DBRS Downgrades Arconic Inc.’s Ratings to BBB (low) and Changes Under Review Status to Negative from Developing
Natural ResourcesDBRS Limited (DBRS) has today noted the name change of Alcoa Inc. (Alcoa) to Arconic Inc. (Arconic), to which all current ratings have been transferred. Concurrently, DBRS has downgraded Arconic’s Issuer Rating and Senior Unsecured Debt rating to BBB (low) from BBB, following the completion on November 1, 2016, of the planned separation of Alcoa Inc. into Alcoa Corporation (AC; a separate company that produces bauxite, alumina and aluminum products) and Arconic Inc. (Arconic; which manufactures engineered products and solutions, rolled products and transportation products and solutions).
Management indicated that Arconic expects to generate approximately two-thirds of the previous Alcoa’s earnings and cash flow while assuming essentially all of Alcoa’s debt ($9.1 billion as at June 30, 2016). DBRS expects Arconic’s financial metrics to be materially weaker compared with Alcoa’s historical levels.
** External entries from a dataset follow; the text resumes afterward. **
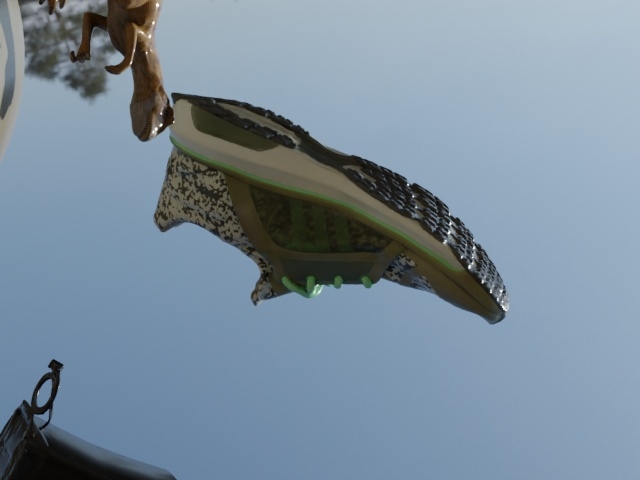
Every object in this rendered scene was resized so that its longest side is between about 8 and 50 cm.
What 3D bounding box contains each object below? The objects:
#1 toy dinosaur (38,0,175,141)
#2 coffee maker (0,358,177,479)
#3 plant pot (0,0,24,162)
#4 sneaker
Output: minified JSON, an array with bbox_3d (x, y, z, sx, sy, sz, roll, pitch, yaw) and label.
[{"bbox_3d":[-0.107,-0.166,0.528,0.112,0.212,0.064,-5,-153,-42],"label":"toy dinosaur"},{"bbox_3d":[-0.222,0.236,0.886,0.171,0.178,0.120,-51,-151,16],"label":"coffee maker"},{"bbox_3d":[-0.302,-0.134,0.565,0.284,0.284,0.191,-10,-154,10],"label":"plant pot"},{"bbox_3d":[0.000,0.000,0.976,0.410,0.182,0.158,29,-161,8],"label":"sneaker"}]

Based on 2015 audited financial figures and those contained in Form 10 issued by Alcoa on June 29, 2016, DBRS estimates that Arconic’s pro forma adjusted debt-to-EBITDA could range between 4.5 times (x) and 5.0x, while pro forma adjusted cash flow-to-debt could range between 15% and 20% compared with 3.0x and 30%, respectively, for Alcoa. If these financial metrics materialize, they would not support Alcoa’s current rating and would be more consistent with levels expected of ratings in the BB range. As raw materials, in particular metals, are expected to be a material component of Arconic’s operating cost structure, DBRS will assess Arconic’s future sourcing of metal from AC and other suppliers, as well as the extent to which and when Arconic can pass on increased metal costs to its customers, as part of the review of Arconic’s post-separation operating cost efficiency and profitability.
While DBRS expects Arconic’s business risk assessment to remain strong in view of favourable demand conditions and Arconic’s strong market position, the one-notch downgrade of the ratings to BBB (low) reflects the materially weaker estimated financial metrics. Future leverage reduction, with available cash resources and possible liquidation of its 19.9% equity interest in AC, is needed to support an investment-grade rating. DBRS has maintained the Under Review status for the ratings, as it is seeking clarification from Arconic with respect to Arconic’s operations, business relationships with AC and future financial plans and the path toward deleveraging to determine the final rating outcome. However, in changing the Under Review status to Negative from Developing, DBRS considers that Arconic’s ratings could be further pressured and will require meaningful debt reduction effort to support.
Notes:
All figures are in U.S. dollars unless otherwise noted.
The related regulatory disclosures pursuant to the National Instrument 25-101 Designated Rating Organizations are hereby incorporated by reference and can be found by clicking on the link to the right under Related Research or by contacting us at info@dbrs.com.
The applicable methodologies are Rating Companies in the Industrial Products Industry (April 2016) and Rating Companies in the Mining Industry (September 2016), which can be found on our website under Methodologies.
The rating is endorsed by DBRS Ratings Limited for use in the European Union.